Hoy en día, incluso con las técnicas más avanzadas, los científicos de datos pueden tardar días o semanas en desarrollar, probar y reorganizar un sólo modelo analítico.
IBM ha extraído la tecnología base del aprendizaje de máquinas, de IBM Watson, y la puesto a disposición, de momento de los usuarios de mainframe z System, el núcleo operativo donde se procesan diariamente miles de millones de transacciones de organizaciones globales como bancos, aseguradoras, tiendas, empresas de transporte y administraciones.
IBM Machine Learning permite a los científicos de datos automatizar la creación, el entrenamiento y el desarrollo de modelos analíticos funcionales basados en:
– Cualquier lenguaje (por ejemplo: Scala, Java, Python).
– Cualquier marco de aprendizaje de máquinas como Apache SparkML, TensorFlow y H20.
– Cualquier tipo de dato transaccional.
– Sin costes, tiempos de espera o riesgos de mover datos externamente.

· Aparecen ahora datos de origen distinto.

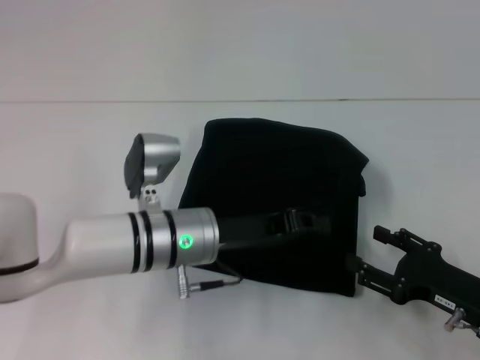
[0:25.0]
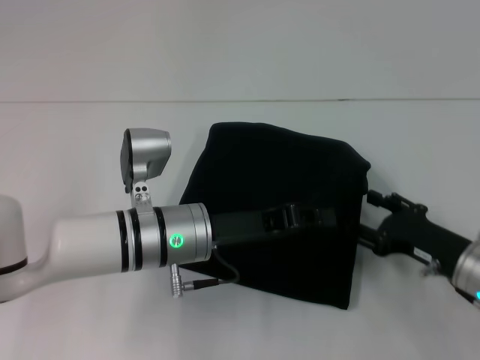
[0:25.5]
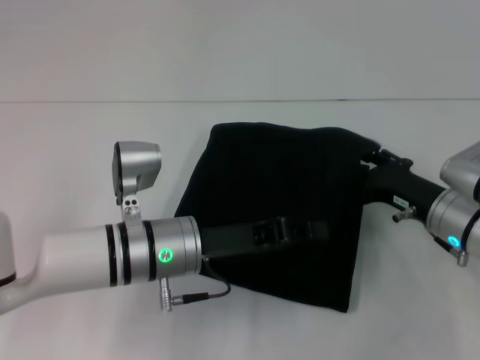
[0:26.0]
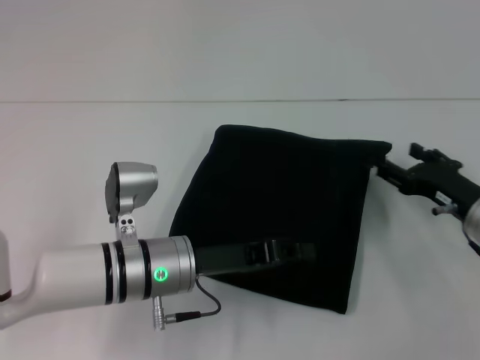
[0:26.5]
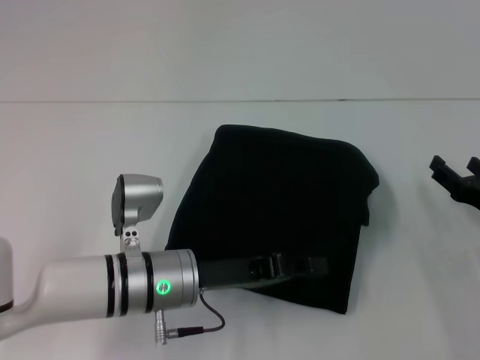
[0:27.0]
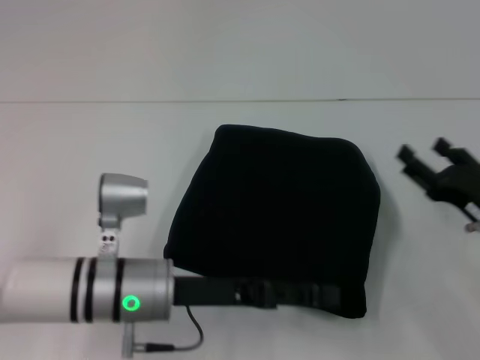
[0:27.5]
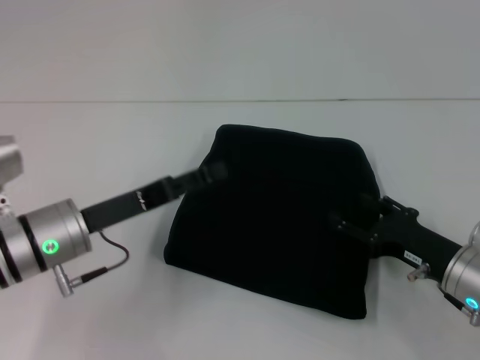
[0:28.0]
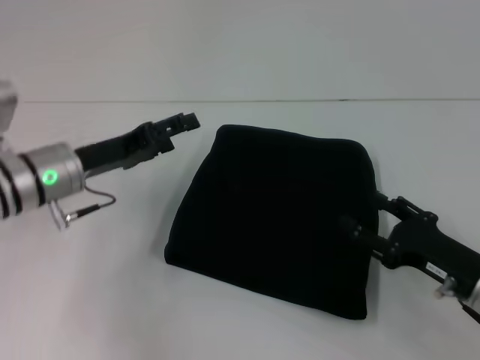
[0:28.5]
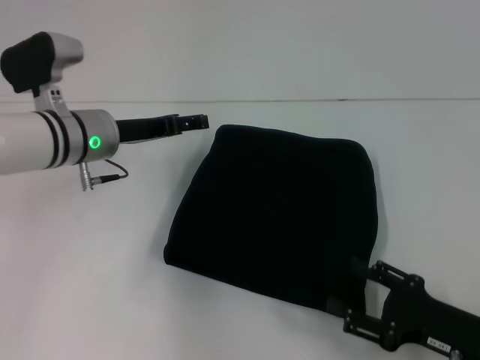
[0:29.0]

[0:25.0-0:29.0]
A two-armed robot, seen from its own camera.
Step, 25.0 to 27.5 s: Fold the clothes with your left hand.
25.0 to 27.0 s: The right gripper moves forward, some 5 cm.
27.0 to 29.0 s: The left gripper travels forward, to the left and upward by some 15 cm, and opens up. Meanwhile the right gripper heads backward, covering roughly 10 cm.

IBM Machine Learning implementa por primera vez Automatización Cognitiva, de IBM Research, para ayudar a los científicos de datos a elegir el algoritmo adecuado para la información, mediante un sistema de puntuación de los datos en relación a los algoritmos disponibles. El servicio tiene también en cuenta diversas circunstancias, como qué tipo de trabajo hará el algoritmo y con qué rapidez debe producir resultados.

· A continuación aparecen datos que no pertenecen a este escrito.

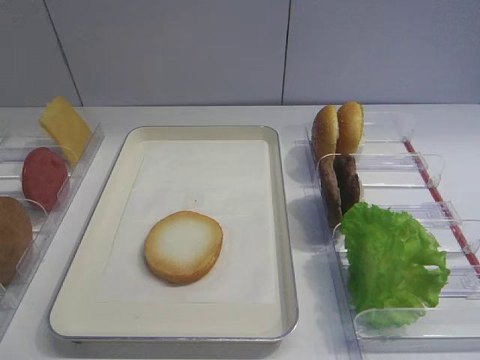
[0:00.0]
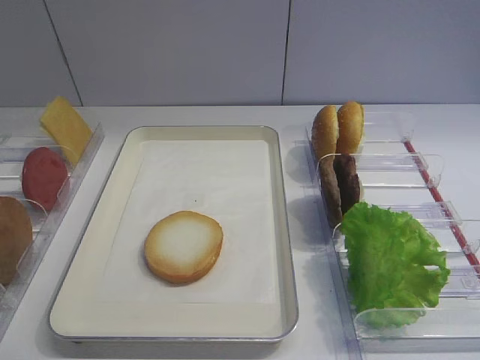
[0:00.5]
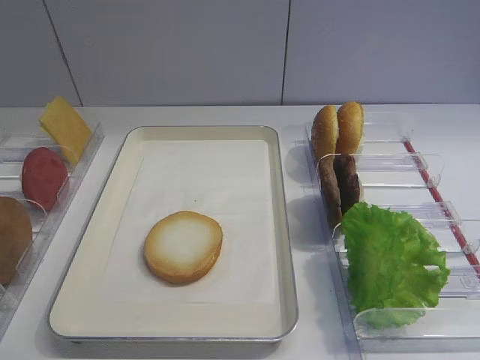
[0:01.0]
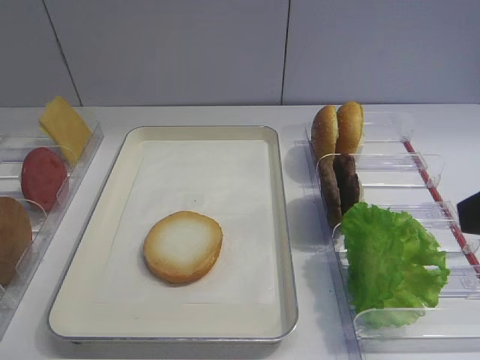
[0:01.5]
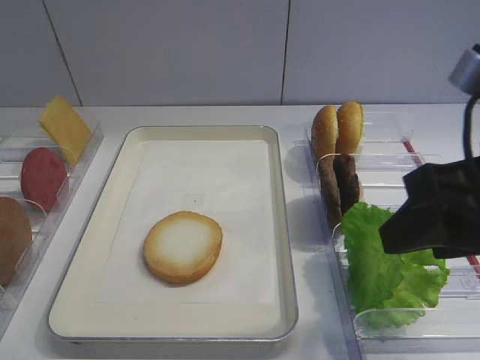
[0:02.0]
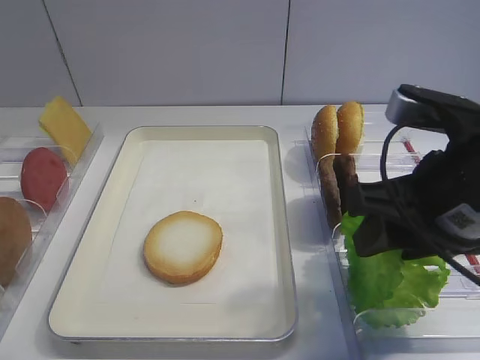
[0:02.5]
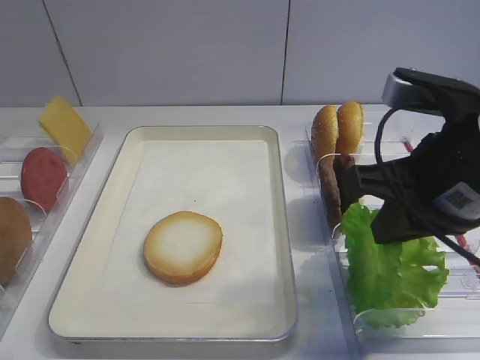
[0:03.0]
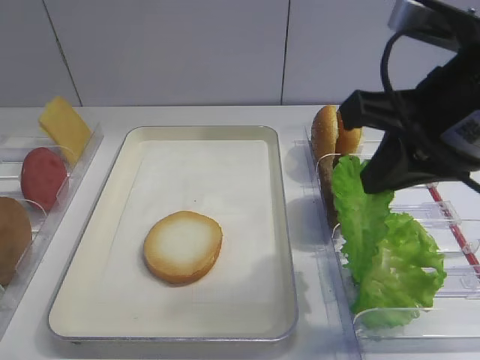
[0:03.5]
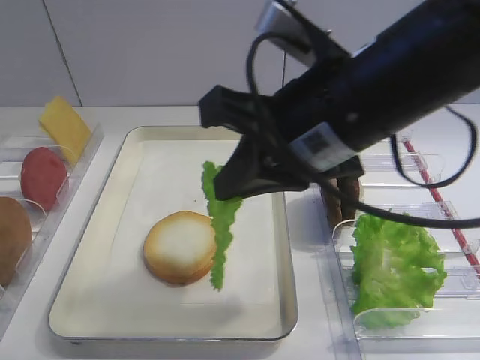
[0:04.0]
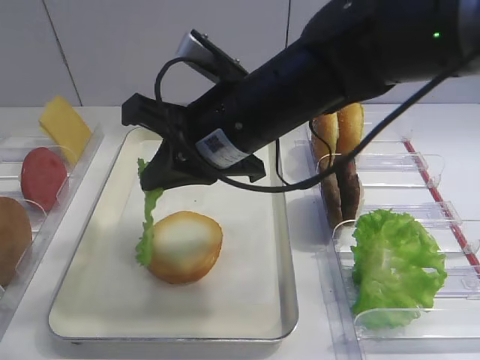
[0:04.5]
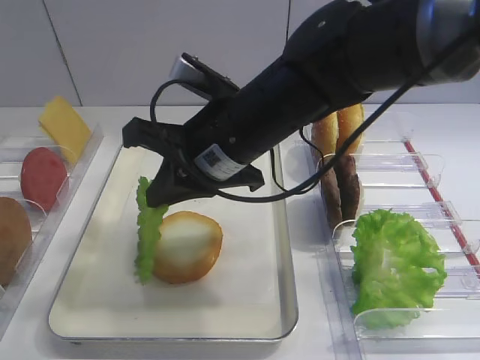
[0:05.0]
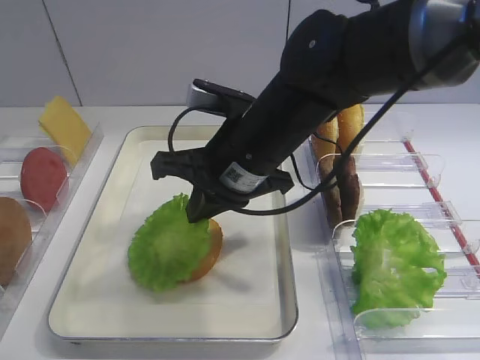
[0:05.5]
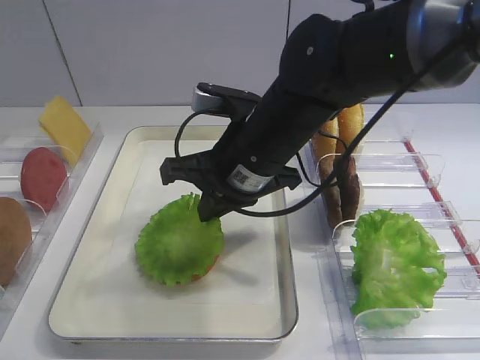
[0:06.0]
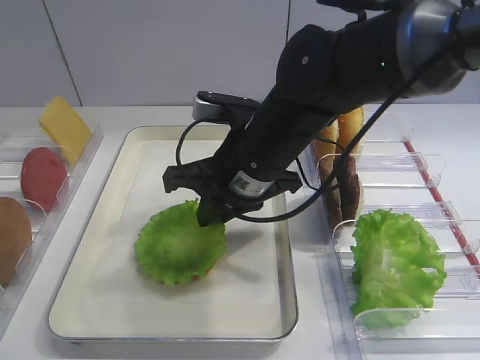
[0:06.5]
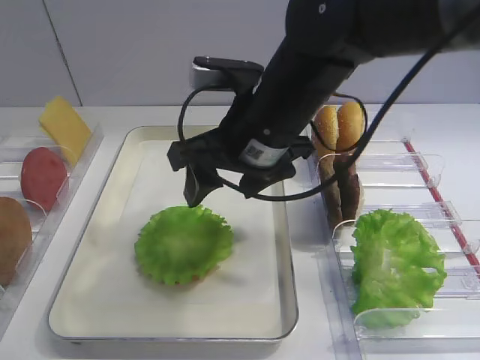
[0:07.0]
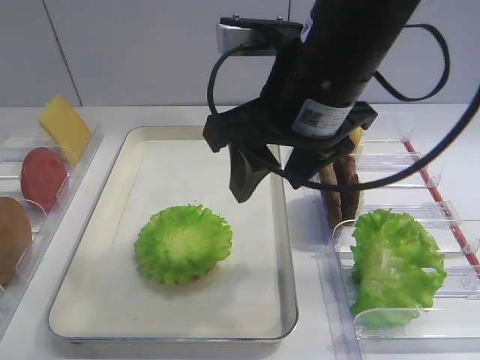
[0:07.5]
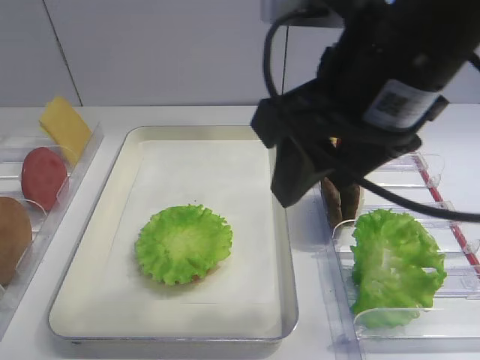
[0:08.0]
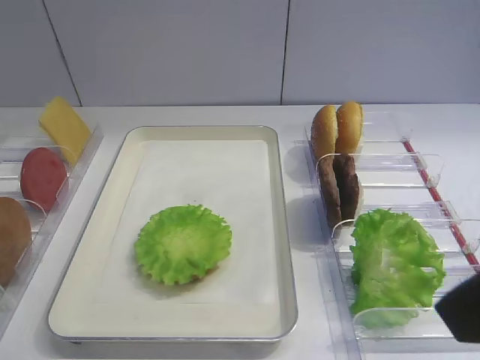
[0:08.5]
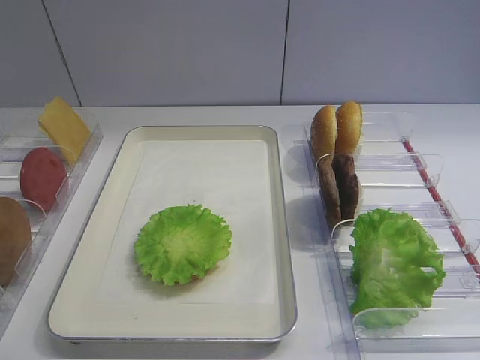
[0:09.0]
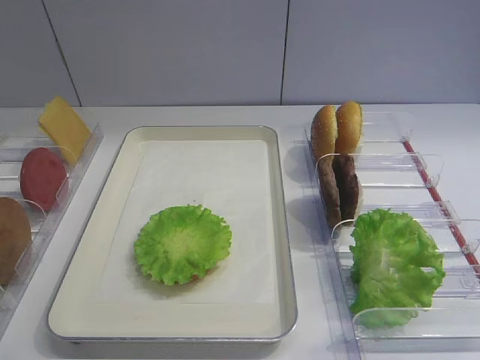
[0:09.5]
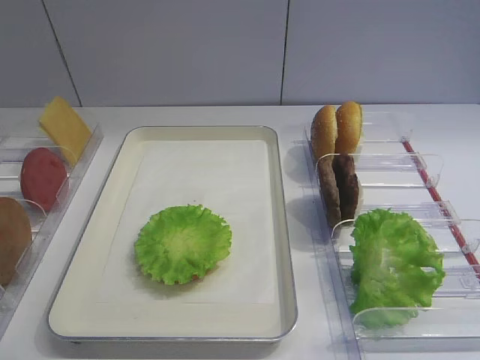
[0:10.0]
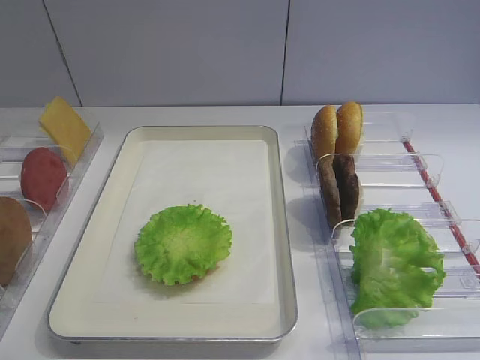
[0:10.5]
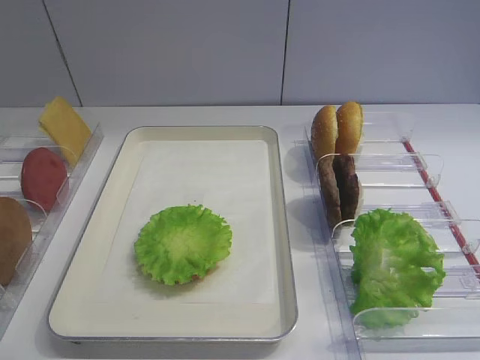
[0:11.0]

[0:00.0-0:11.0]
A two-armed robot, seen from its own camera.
Step, 0:00.0 to 0:03.0: Pick up the lettuce leaf with the right gripper.
Step, 0:03.5 to 0:07.0: Place the lettuce leaf on the bread slice with the right gripper.
0:02.0 to 0:03.5: The right gripper shifts by roughly 5 cm, and closes its fingers.
0:03.5 to 0:05.5: The right gripper goes approximately 20 cm to the left, downward and forward.
0:05.5 to 0:07.5: The right gripper is displaced upward by roughly 10 cm, and opens.
0:07.5 to 0:09.0: The right gripper moves backward and to the right, about 30 cm.

El mainframe de IBM z Systems es capaz de procesar hasta 2.500 millones de transacciones – más o menos el equivalente a 100 Cyber Mondays – en un solo día. IBM Machine Learning para z/OS ayuda a extraer un valor mayor de los datos en los z Systems sin tener que sacarlos del sistema para su análisis. Eso ayuda a minimizar la latencia, el coste del proceso y los riesgos de seguridad asociados con los procesos tradicionales de ETL. Analiza continuamente los datos y los modelos para proporcionar predicciones más acertadas y optimizar los modelos de comportamiento, acelerando la obtención de nuevo conocimiento.
Se espera que próximamente, IBM Machine Learning esté disponible en IBM Power Systems.